__AIM OF THE EXERCISE__: For the data below, count the lines that have the string "roll" and state that number by itself.

Records from a data collection:

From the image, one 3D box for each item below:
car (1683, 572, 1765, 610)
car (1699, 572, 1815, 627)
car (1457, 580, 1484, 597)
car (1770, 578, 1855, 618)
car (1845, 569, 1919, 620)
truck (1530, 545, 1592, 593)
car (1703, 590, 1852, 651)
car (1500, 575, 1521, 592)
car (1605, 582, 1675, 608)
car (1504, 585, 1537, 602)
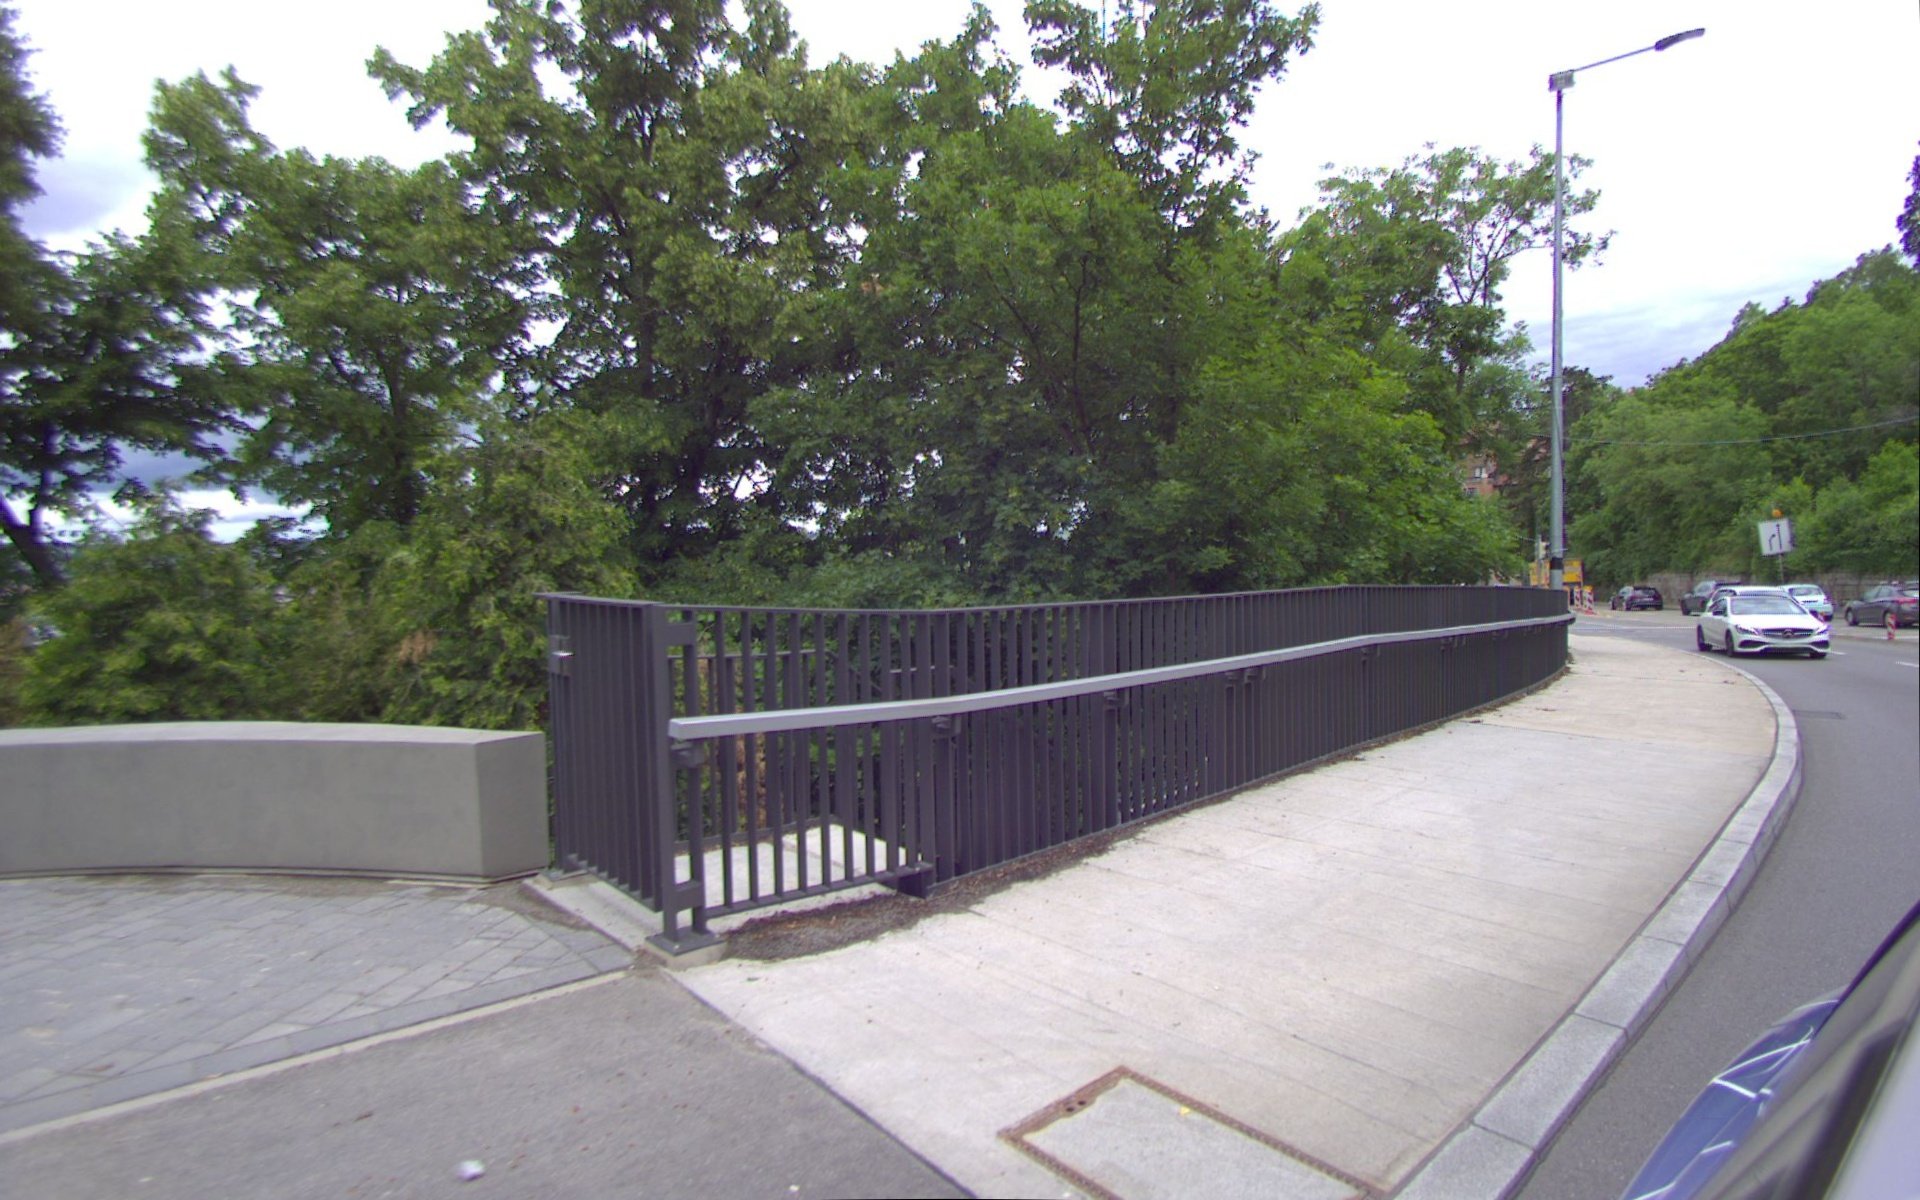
[{"bbox_3d":[37.136,-0.435,49.328,1.866,1.718,4.640,-2,0,20],"label":"car"},{"bbox_3d":[25.691,-0.055,32.784,1.865,1.598,3.970,-3,0,23],"label":"car"},{"bbox_3d":[59.707,-1.349,118.421,1.781,1.813,4.325,-3,0,13],"label":"car"},{"bbox_3d":[34.408,-0.075,40.949,1.699,1.485,3.628,-3,-1,26],"label":"car"},{"bbox_3d":[32.019,-0.219,34.114,1.693,1.618,4.184,-2,0,17],"label":"car"},{"bbox_3d":[47.409,-2.436,80.062,2.704,3.554,7.305,-1,0,19],"label":"truck"},{"bbox_3d":[19.195,0.439,23.964,1.780,1.323,4.065,-1,0,25],"label":"car"},{"bbox_3d":[66.777,-2.001,122.877,1.552,1.623,3.571,-3,4,18],"label":"car"},{"bbox_3d":[40.961,-0.300,61.072,1.788,1.448,4.856,-2,0,13],"label":"car"},{"bbox_3d":[52.496,-0.598,94.896,1.753,1.460,4.718,-3,0,18],"label":"car"}]
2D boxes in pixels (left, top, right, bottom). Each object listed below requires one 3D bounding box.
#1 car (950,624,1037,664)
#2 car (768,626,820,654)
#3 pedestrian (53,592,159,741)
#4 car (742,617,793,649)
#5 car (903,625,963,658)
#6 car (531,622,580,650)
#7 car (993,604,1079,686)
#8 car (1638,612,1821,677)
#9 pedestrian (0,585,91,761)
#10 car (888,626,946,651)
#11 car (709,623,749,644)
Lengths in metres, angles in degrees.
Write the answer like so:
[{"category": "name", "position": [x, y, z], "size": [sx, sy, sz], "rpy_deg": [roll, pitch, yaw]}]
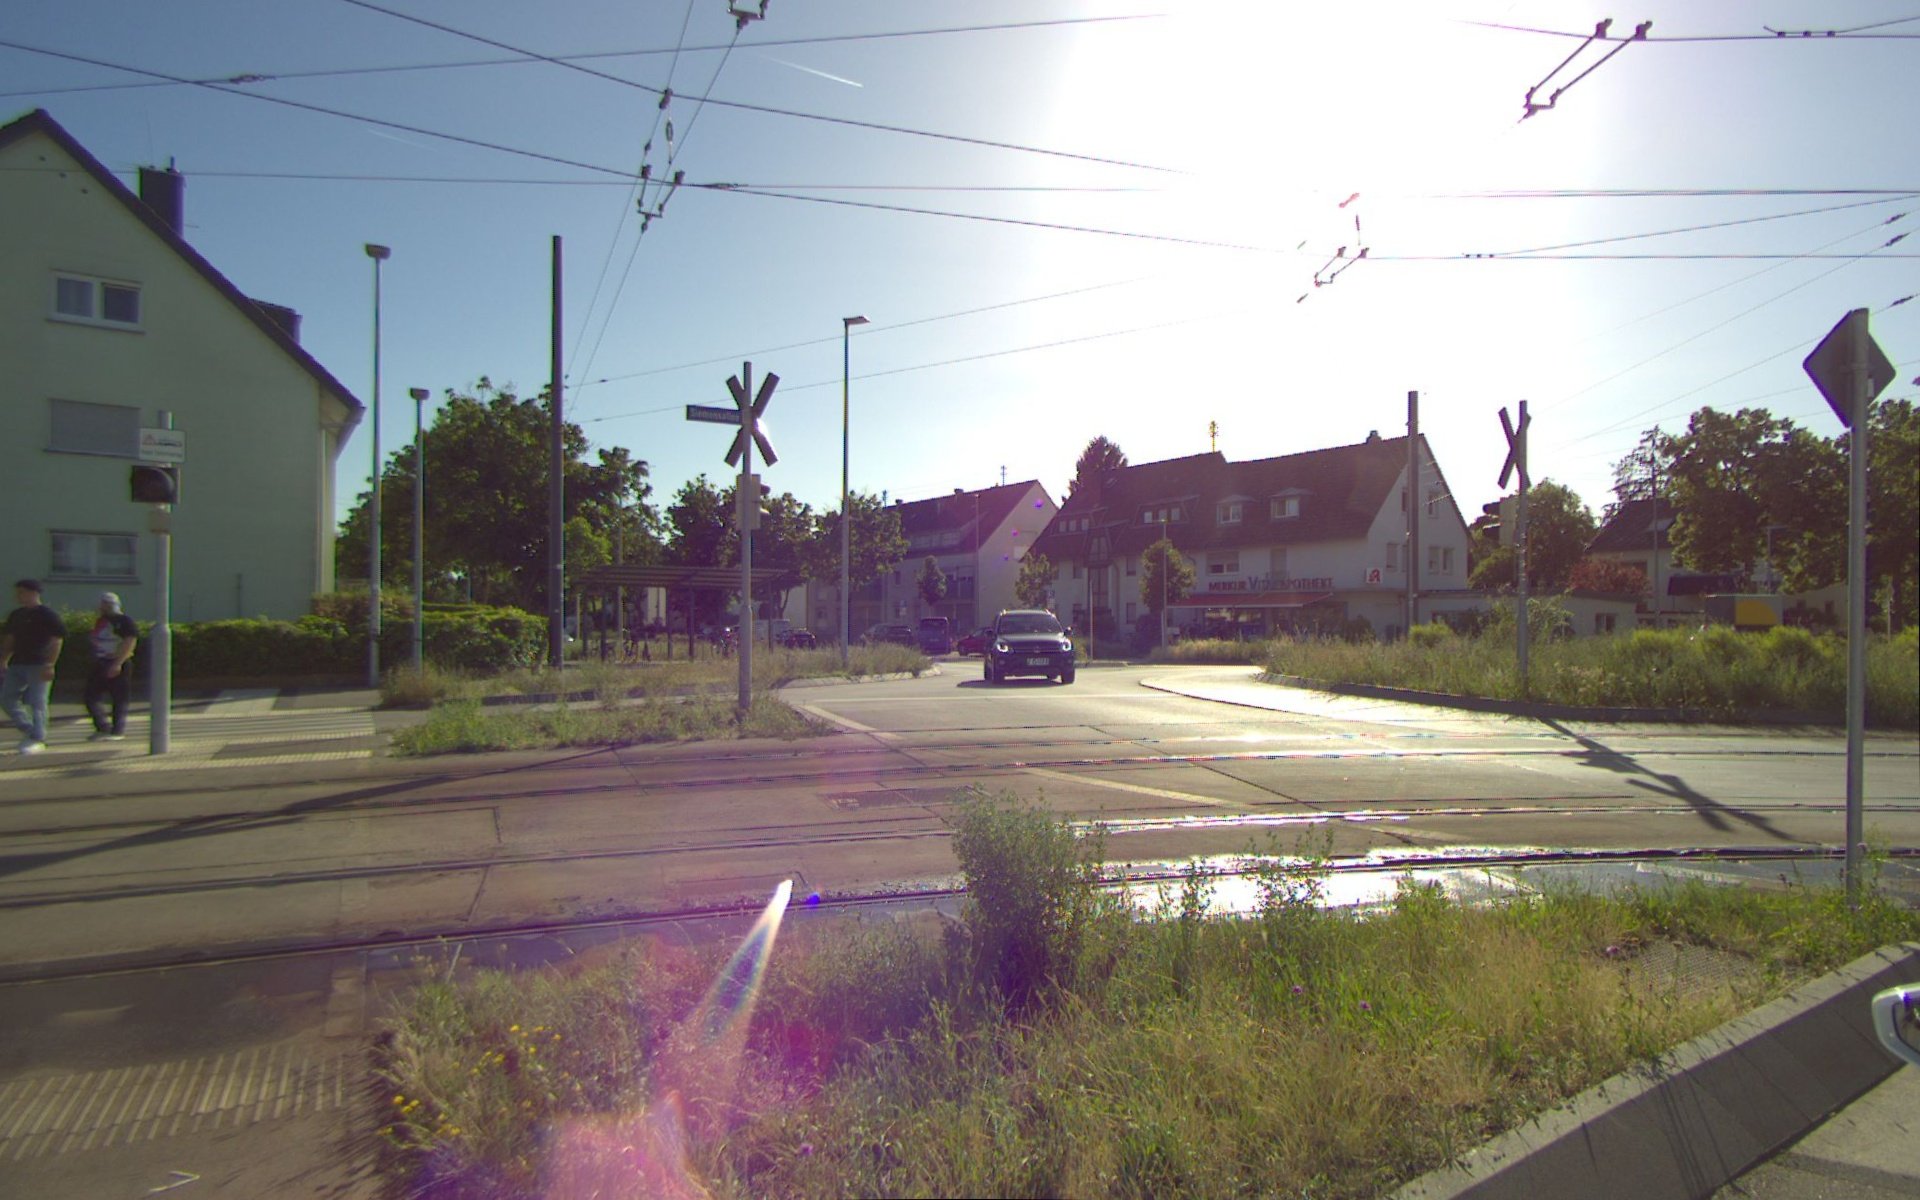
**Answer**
[{"category": "car", "position": [1.591, 2.100, 48.834], "size": [1.981, 1.721, 4.326], "rpy_deg": [1, 0, -36]}, {"category": "car", "position": [-11.011, 2.643, 66.462], "size": [1.903, 1.637, 4.247], "rpy_deg": [1, 0, -32]}, {"category": "pedestrian", "position": [-10.238, 0.774, 12.044], "size": [0.783, 1.683, 0.725], "rpy_deg": [3, -1, 35]}, {"category": "car", "position": [-13.855, 2.344, 72.101], "size": [1.879, 2.041, 4.326], "rpy_deg": [1, 0, -36]}, {"category": "car", "position": [-1.452, 2.179, 53.092], "size": [3.020, 1.641, 1.409], "rpy_deg": [1, 0, -6]}, {"category": "car", "position": [-23.192, 2.061, 57.513], "size": [1.809, 1.411, 3.753], "rpy_deg": [1, 0, -35]}, {"category": "car", "position": [1.752, 1.055, 23.247], "size": [1.781, 1.692, 4.261], "rpy_deg": [-1, -3, 4]}, {"category": "car", "position": [25.846, 1.516, 33.803], "size": [5.146, 2.007, 1.996], "rpy_deg": [2, -3, -12]}, {"category": "pedestrian", "position": [-9.965, 0.758, 10.723], "size": [0.678, 1.794, 0.823], "rpy_deg": [3, -1, 35]}, {"category": "car", "position": [-2.467, 2.210, 57.505], "size": [3.107, 1.315, 1.380], "rpy_deg": [1, 0, -11]}, {"category": "car", "position": [-17.727, 2.548, 77.043], "size": [1.531, 1.613, 4.035], "rpy_deg": [1, -1, -36]}]
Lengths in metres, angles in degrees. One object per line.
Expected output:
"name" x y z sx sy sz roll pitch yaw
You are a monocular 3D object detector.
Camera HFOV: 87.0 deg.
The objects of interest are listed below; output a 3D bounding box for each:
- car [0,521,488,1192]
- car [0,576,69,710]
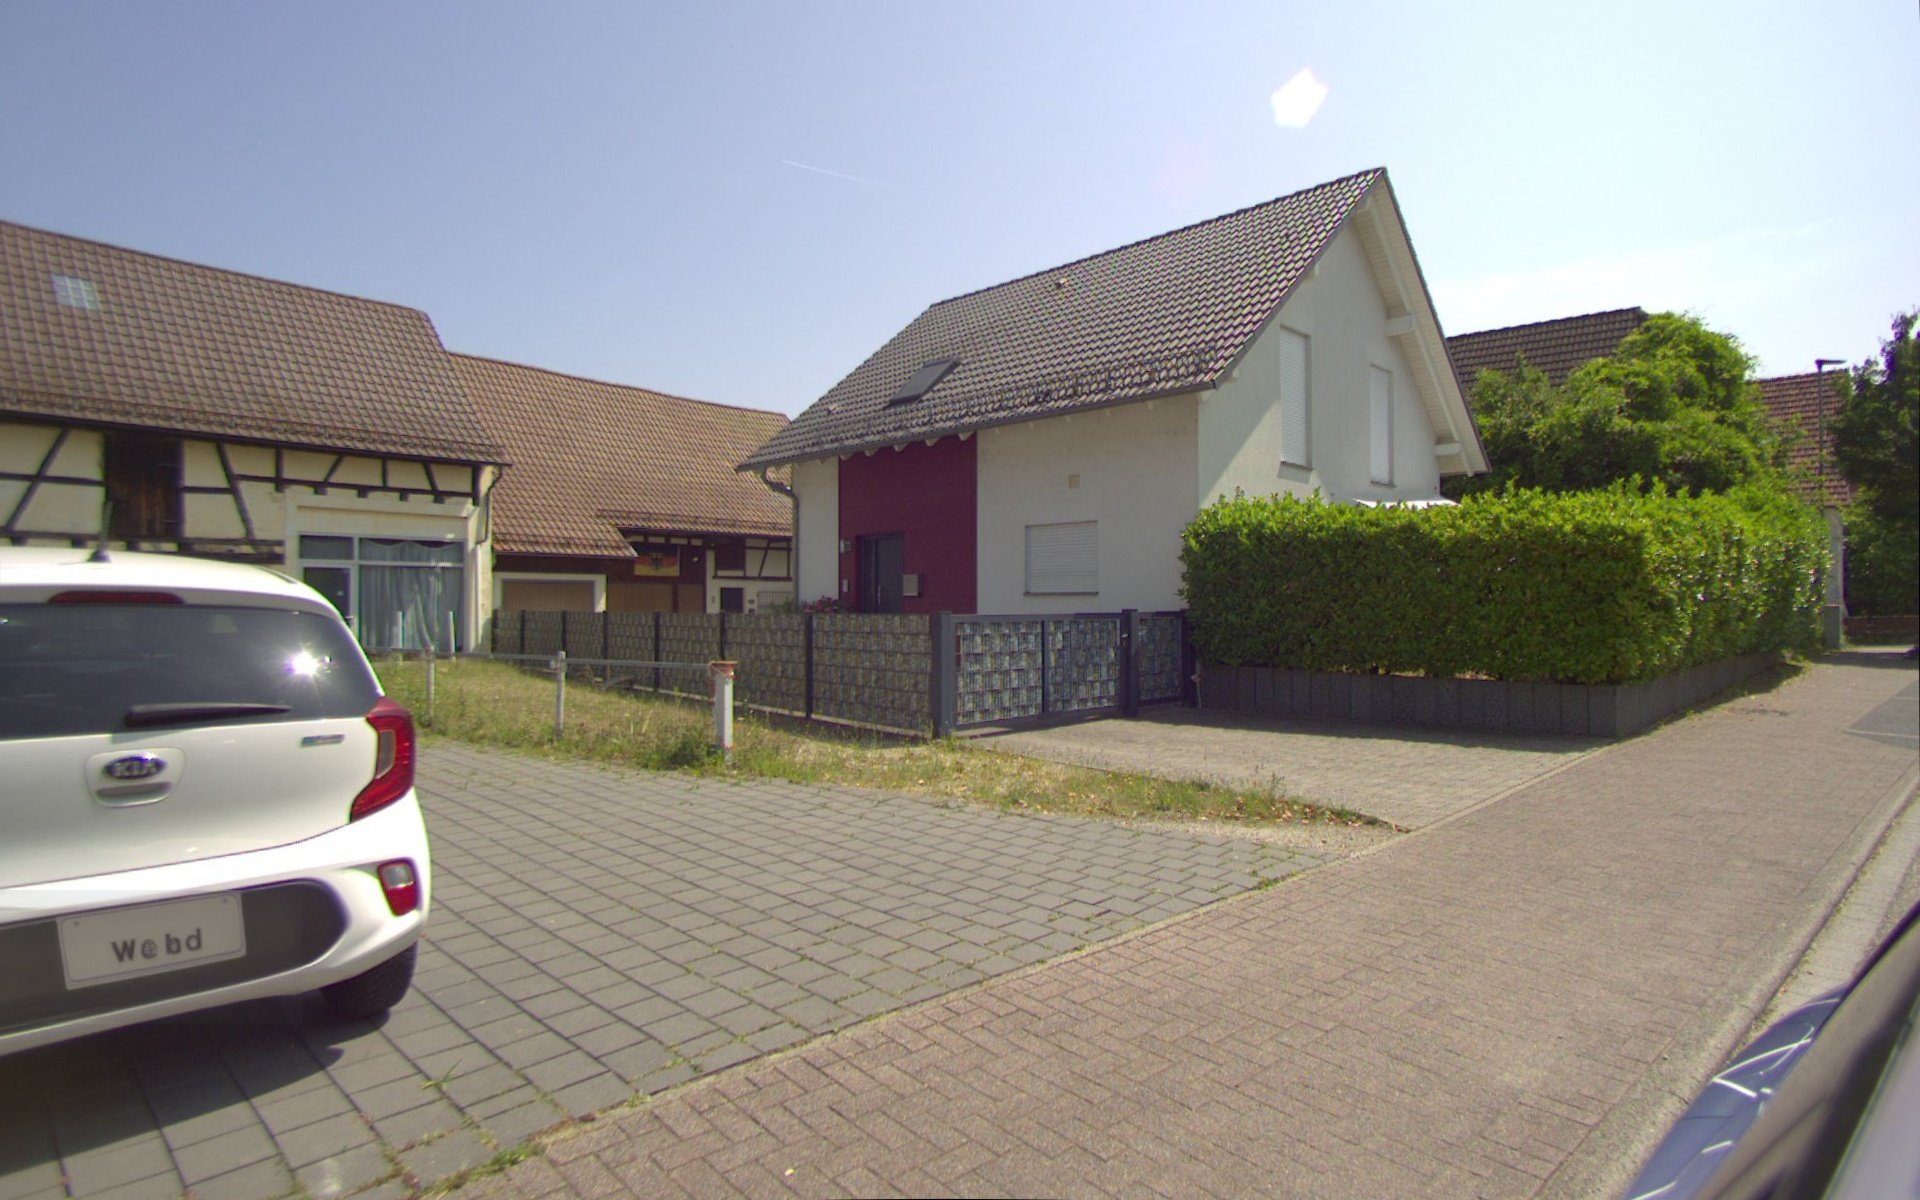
"car" -3.359 0.523 3.607 3.655 1.493 1.739 2 1 42
"car" -12.499 0.520 12.080 3.542 1.510 1.701 -1 -1 28

__SOLVED PROBLEM__: 2